Proponents of an independent financial consumer protection agency have complained that new legislation unveiled Monday by Senate Banking Committee Chairman Christopher Dodd (D-Conn.) would weaken consumer protection by putting the agency inside the Federal Reserve. Nevertheless, the breadth of the proposed agency's powers would be unprecedented.

Indeed, Harvard law professor Elizabeth Warren, who came up the idea, commended Dodd for his proposal, while the U.S. Chamber of Commerce held a press conference Tuesday to warn that it would be a threat to credit for small business.

"Despite the banks' ferocious lobbying for business as usual, Chairman Dodd took an important step today by advancing new laws to prevent the next crisis," said Warren, chair of the Congressional Oversight Panel, in a release issued Monday when Dodd released his Restoring American Financial Stability Act. While Warren wants to see enforcement powers of the proposed Consumer Financial Protection Bureau (CFPB) strengthened, she generally approves of it.

Susan Weinstock, Consumer Federation of America's financial reform campaign director, calls the proposal "a good first step. The independent part was really important to us. It looks to be independent."

A $3 Million Campaign to Thwart the Plan

However, Mercer Bullard, associate professor of law at the University of Mississippi School of Law and founder of a mutual fund shareholder advocacy group called Fund Democracy, doesn't believe the new agency would be independent of the Fed. "The primary need here is to get consumer protection out of the hands of banking regulators," which failed to protect consumers, he says. "This does not do that."

The Chamber of Commerce is putting its money where its complaint is: It has begun a new $3 million campaign -- in addition to the $3 million it has already spent on its financial service reform effort -- to get Congress to rein in the proposal. With the Banking Committee scheduled to begin marking up the legislation Monday afternoon, the chamber is targeting six states: Tennessee, Arkansas, Montana, South Dakota, Indiana and Virginia.

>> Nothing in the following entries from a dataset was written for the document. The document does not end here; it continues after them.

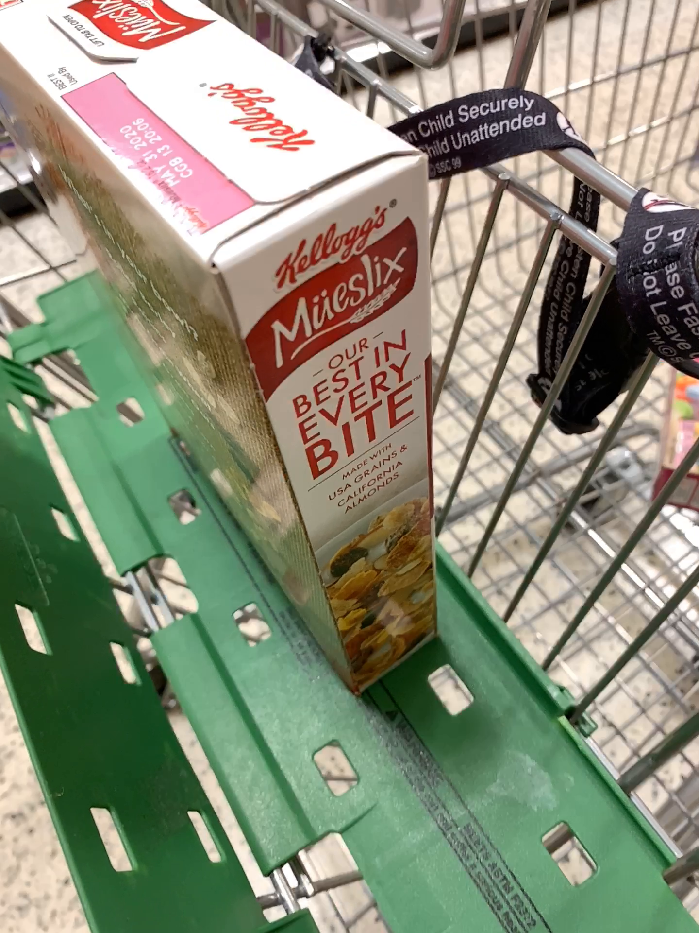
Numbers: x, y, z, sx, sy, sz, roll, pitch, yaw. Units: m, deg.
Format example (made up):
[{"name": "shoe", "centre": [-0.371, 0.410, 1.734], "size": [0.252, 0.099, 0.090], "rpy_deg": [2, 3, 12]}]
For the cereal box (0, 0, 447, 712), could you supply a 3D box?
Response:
[{"name": "cereal box", "centre": [-0.045, -0.040, 0.259], "size": [0.050, 0.248, 0.191], "rpy_deg": [-32, 59, -13]}]
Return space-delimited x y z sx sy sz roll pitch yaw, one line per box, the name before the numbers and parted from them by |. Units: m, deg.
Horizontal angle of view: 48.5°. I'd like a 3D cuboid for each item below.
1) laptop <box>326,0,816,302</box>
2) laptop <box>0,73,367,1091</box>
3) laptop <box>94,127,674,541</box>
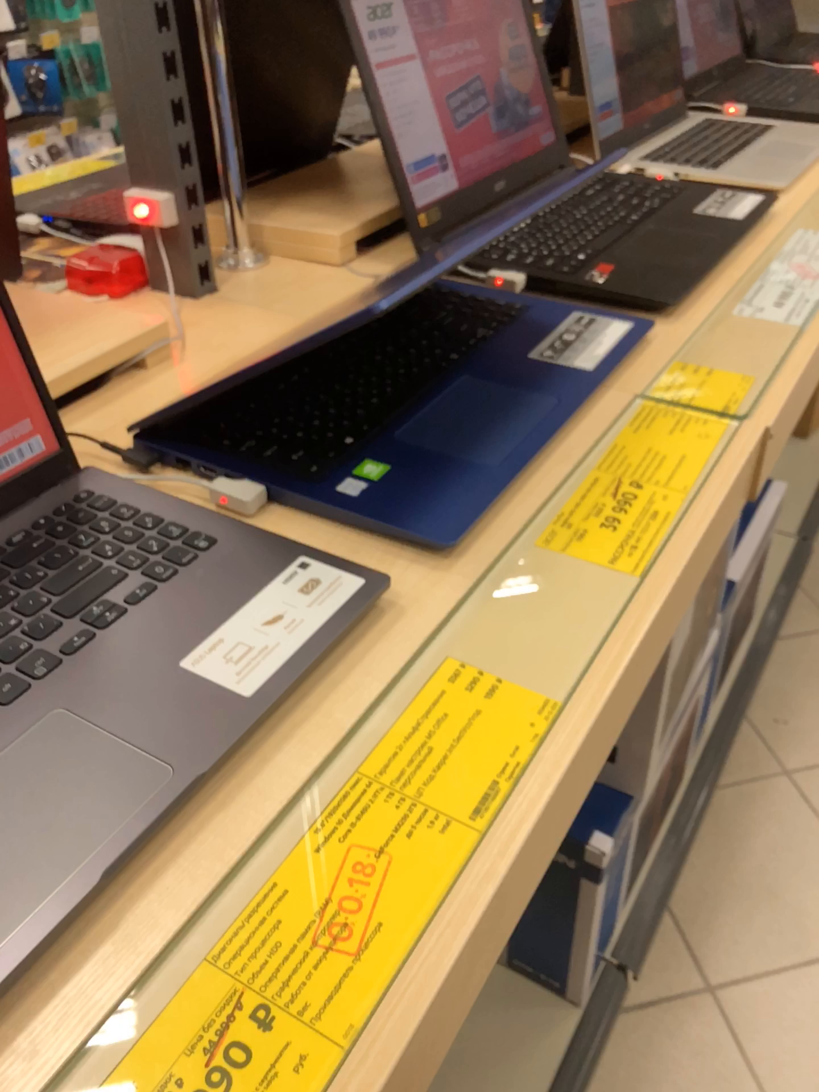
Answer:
laptop | 0.169 -0.461 0.934 0.354 0.227 0.359 21 42 26
laptop | -0.251 -0.018 0.348 0.302 0.206 0.391 20 40 23
laptop | 0.008 -0.188 0.666 0.246 0.126 0.368 19 41 25
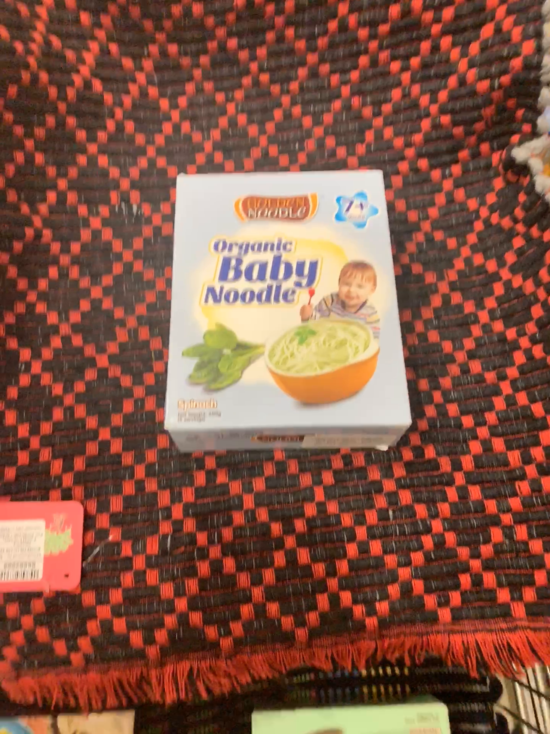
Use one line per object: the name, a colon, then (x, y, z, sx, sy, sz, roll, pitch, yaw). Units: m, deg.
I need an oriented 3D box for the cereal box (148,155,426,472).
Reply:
cereal box: (0.003, -0.033, 0.319, 0.130, 0.050, 0.170, -2, 69, -1)
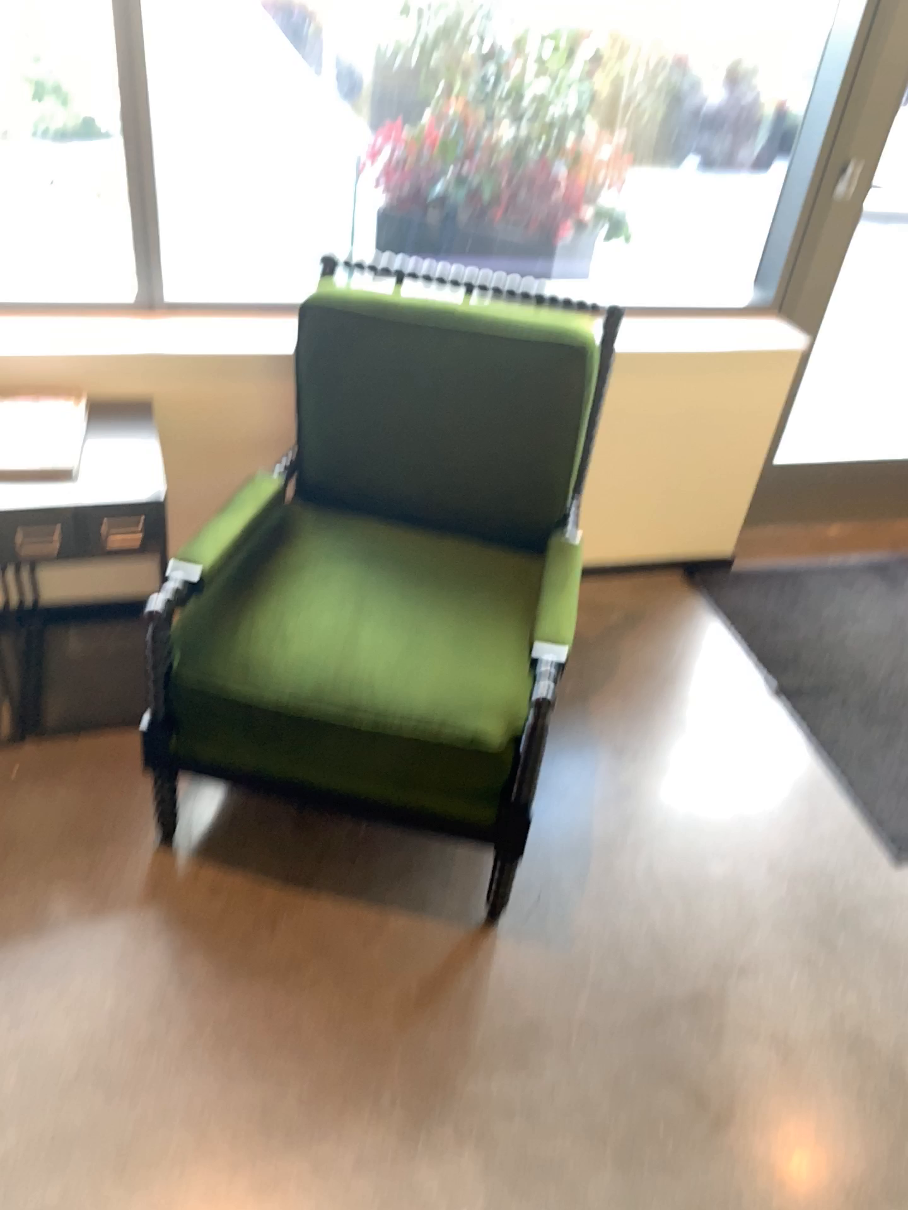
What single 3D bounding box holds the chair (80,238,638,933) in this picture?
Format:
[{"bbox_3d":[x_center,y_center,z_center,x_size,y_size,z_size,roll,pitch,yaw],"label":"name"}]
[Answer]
[{"bbox_3d":[-0.128,-0.083,1.972,0.761,0.983,0.926,13,37,6],"label":"chair"}]
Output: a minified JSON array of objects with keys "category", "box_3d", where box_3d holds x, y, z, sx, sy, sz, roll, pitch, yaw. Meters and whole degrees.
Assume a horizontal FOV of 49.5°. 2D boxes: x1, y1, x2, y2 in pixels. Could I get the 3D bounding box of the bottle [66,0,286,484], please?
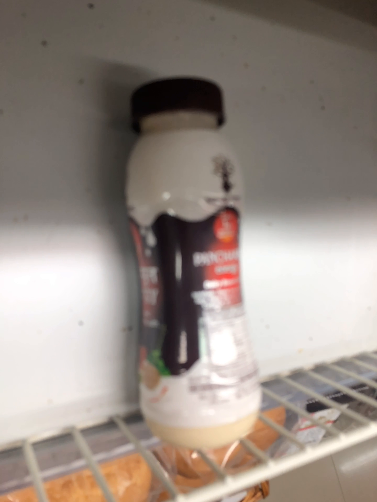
[{"category":"bottle","box_3d":[-0.006,-0.004,0.176,0.060,0.060,0.160,-6,93,-38]}]
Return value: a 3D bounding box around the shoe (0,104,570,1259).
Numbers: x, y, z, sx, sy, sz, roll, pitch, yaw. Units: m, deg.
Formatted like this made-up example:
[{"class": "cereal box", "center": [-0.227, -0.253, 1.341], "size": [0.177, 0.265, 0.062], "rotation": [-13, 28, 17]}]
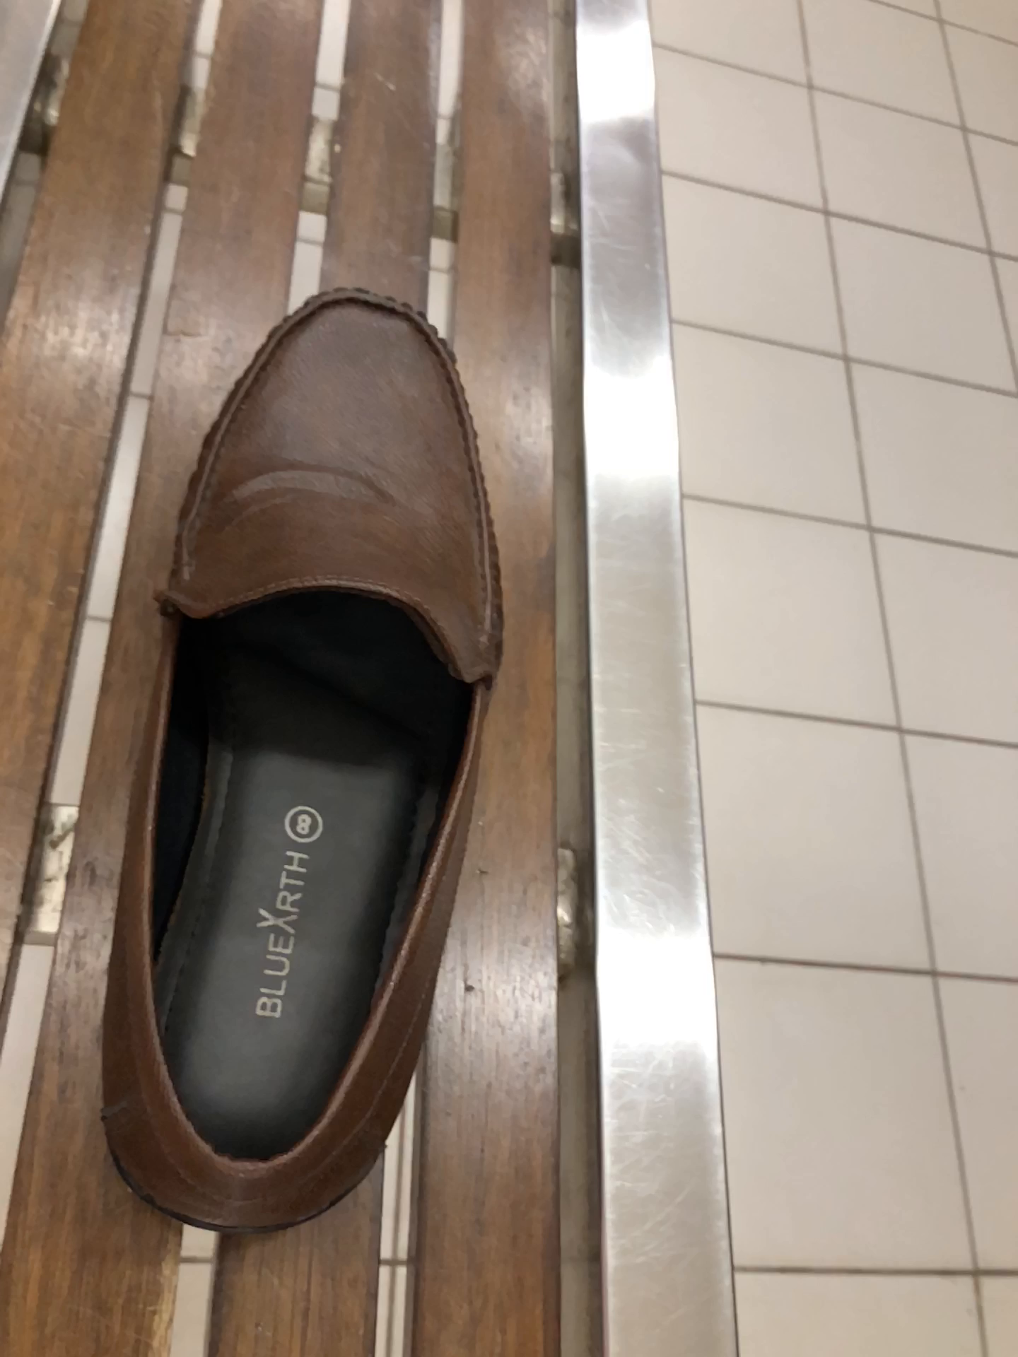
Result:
[{"class": "shoe", "center": [-0.050, -0.008, 0.323], "size": [0.104, 0.093, 0.302], "rotation": [9, 63, -12]}]

All except Arkansas have senators who are members of the Banking Committee.

While some critics contend the CFPB wouldn't be independent enough. David Hirschmann, president and chief executive officer of the chamber's Center for Capital Markets, says it would be "overly broad, ill-defined [and] independent." That, he says, "adds, rather than removes, bureaucratic layers and duplication."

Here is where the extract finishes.